Ortega, 75, will be seeking a fourth successive term in Sunday's vote, with about 40 opposition figures, including seven presidential hopefuls, rounded up since June.

"Mr Ortega has occupied himself imprisoning all the political contenders who have presented themselves to run in these elections and we cannot expect that this process will yield a result we can consider legitimate. Quite the opposite," Borrell said on a visit to Lima, Peru -- the first stop on a Latin American tour.

"The situation in Nicaragua is one of the most serious in the Americas at the moment," Borrell told foreign correspondents.

He said the electoral process, which he described as "fake," sought only to "keep the dictator (Ortega) in power."

Similar criticism came last week from the Inter-American Commission on Human Rights, which said the circumstances in Nicaragua did not allow for "free, fair, transparent and plural elections."

Ortega's government has been rounding up opponents since June on charges of treason or money-laundering that critics say are trumped up and designed to sideline them.

They include Cristina Chamorro, 67, widely seen as a favorite to defeat Ortega but now facing charges of money laundering and out of the running.

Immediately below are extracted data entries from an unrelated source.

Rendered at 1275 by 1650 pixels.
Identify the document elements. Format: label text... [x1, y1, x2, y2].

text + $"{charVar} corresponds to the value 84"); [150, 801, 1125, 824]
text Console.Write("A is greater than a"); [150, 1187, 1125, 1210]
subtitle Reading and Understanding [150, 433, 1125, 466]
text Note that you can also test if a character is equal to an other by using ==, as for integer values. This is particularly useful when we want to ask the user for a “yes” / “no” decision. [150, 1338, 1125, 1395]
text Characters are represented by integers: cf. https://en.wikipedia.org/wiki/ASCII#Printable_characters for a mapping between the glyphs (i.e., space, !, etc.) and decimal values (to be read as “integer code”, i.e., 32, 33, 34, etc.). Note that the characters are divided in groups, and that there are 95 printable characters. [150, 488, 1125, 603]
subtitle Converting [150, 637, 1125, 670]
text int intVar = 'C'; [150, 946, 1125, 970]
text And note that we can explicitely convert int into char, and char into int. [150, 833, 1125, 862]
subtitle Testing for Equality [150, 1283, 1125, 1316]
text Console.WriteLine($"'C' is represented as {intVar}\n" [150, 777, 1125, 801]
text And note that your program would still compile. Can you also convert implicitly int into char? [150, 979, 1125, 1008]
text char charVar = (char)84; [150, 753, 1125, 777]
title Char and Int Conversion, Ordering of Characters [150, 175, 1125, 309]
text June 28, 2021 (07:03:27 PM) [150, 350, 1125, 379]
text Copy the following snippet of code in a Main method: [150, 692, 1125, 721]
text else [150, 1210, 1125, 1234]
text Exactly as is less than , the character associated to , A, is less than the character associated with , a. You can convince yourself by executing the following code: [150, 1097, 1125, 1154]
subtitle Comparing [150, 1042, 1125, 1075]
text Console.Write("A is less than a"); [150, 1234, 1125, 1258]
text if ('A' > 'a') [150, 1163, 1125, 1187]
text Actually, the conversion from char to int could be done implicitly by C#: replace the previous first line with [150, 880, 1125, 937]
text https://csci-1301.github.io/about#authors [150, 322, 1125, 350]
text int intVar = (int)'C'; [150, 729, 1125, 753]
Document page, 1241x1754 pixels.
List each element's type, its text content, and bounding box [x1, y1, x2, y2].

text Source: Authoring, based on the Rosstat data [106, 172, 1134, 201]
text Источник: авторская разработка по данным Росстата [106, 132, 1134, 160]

Last month, Borrell branded Nicaragua "one of the worst dictatorships in the world," while US Secretary of State Antony Blinken has accused the regime of "undemocratic, authoritarian actions."

Nicaragua is under American and European sanctions.

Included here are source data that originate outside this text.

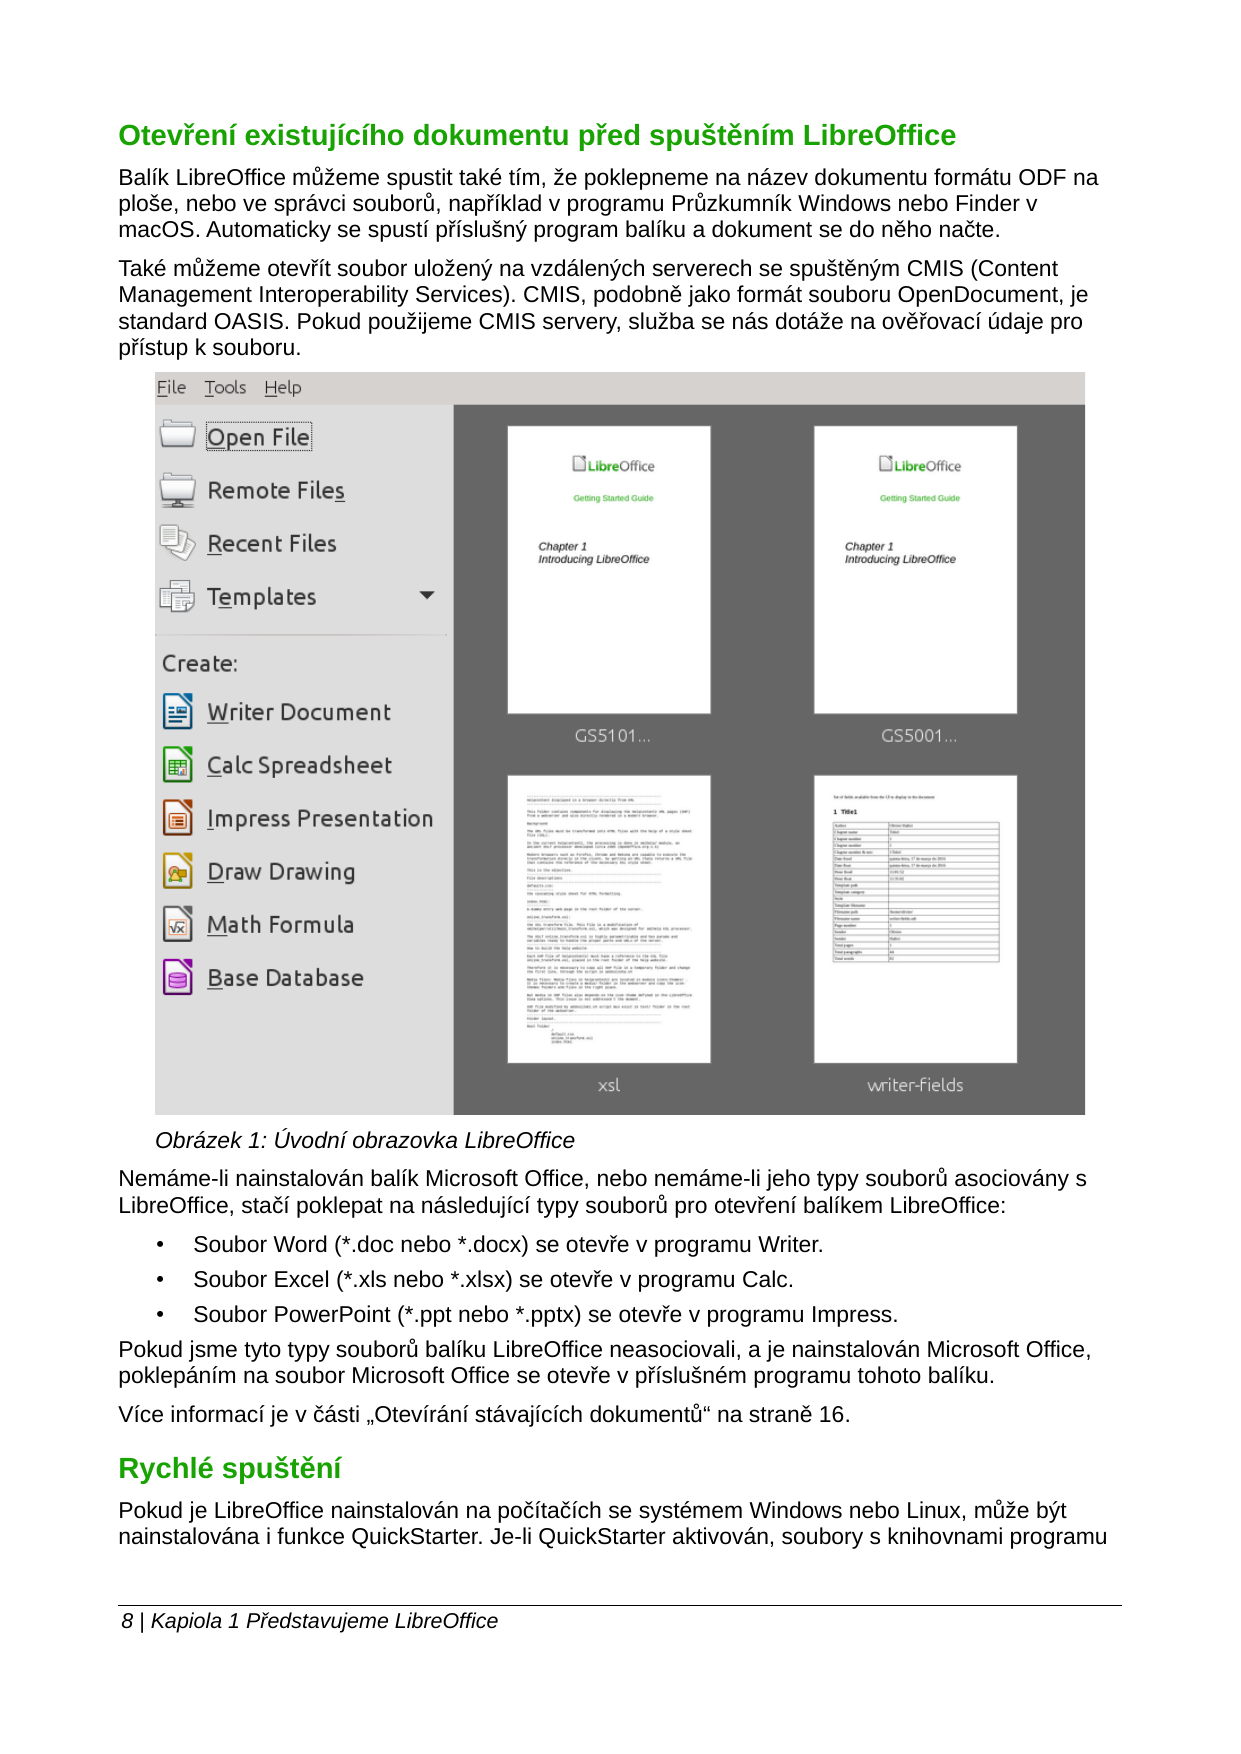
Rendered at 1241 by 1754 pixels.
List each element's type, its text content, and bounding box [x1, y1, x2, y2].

list Soubor Word (*.doc nebo *.docx) se otevře v programu Writer. [156, 1231, 1122, 1257]
text Balík LibreOffice můžeme spustit také tím, že poklepneme na název dokumentu formátu ODF na ploše, nebo ve správci souborů, například v programu Průzkumník Windows nebo Finder v macOS. Automaticky se spustí příslušný program balíku a dokument se do něho načte. [118, 163, 1122, 242]
text Obrázek 1: Úvodní obrazovka LibreOffice [155, 1127, 1085, 1153]
text Nemáme-li nainstalován balík Microsoft Office, nebo nemáme-li jeho typy souborů asociovány s LibreOffice, stačí poklepat na následující typy souborů pro otevření balíkem LibreOffice: [118, 1165, 1122, 1218]
text Více informací je v části „ Otevření existujícího dokumentu “ na straně 16. [118, 1401, 1122, 1428]
text Pokud je LibreOffice nainstalován na počítačích se systémem Windows nebo Linux, může být nainstalována i funkce QuickStarter. Je-li QuickStarter aktivován, soubory s knihovnami programu [118, 1497, 1122, 1549]
text Také můžeme otevřít soubor uložený na vzdálených serverech se spuštěným CMIS (Content Management Interoperability Services). CMIS, podobně jako formát souboru OpenDocument, je standard OASIS. Pokud použijeme CMIS servery, služba se nás dotáže na ověřovací údaje pro přístup k souboru. [118, 255, 1122, 360]
picture [155, 372, 1086, 1115]
text Pokud jsme tyto typy souborů balíku LibreOffice neasociovali, a je nainstalován Microsoft Office, poklepáním na soubor Microsoft Office se otevře v příslušném programu tohoto balíku. [118, 1336, 1122, 1389]
subtitle Rychlé spuštění [118, 1451, 1122, 1485]
list Soubor PowerPoint (*.ppt nebo *.pptx) se otevře v programu Impress. [156, 1301, 1122, 1327]
list Soubor Excel (*.xls nebo *.xlsx) se otevře v programu Calc. [156, 1266, 1122, 1292]
subtitle Otevření existujícího dokumentu před spuštěním LibreOffice [118, 118, 1122, 152]

Borrell, prior to a meeting with Peruvian President Pedro Castillo, also proposed "combining forces to find a political solution to the situation in Venezuela," also under international sanctions after President Nicolas Maduro's disputed reelection in 2018.

A solution, the EU diplomat said, was only possible through credible results from regional and municipal elections scheduled for November 21, in which opposition parties will take part for the first time in several years.

The European Union will send observers to the elections for the first time in 15 years.

Borrell will travel to Brazil on Wednesday.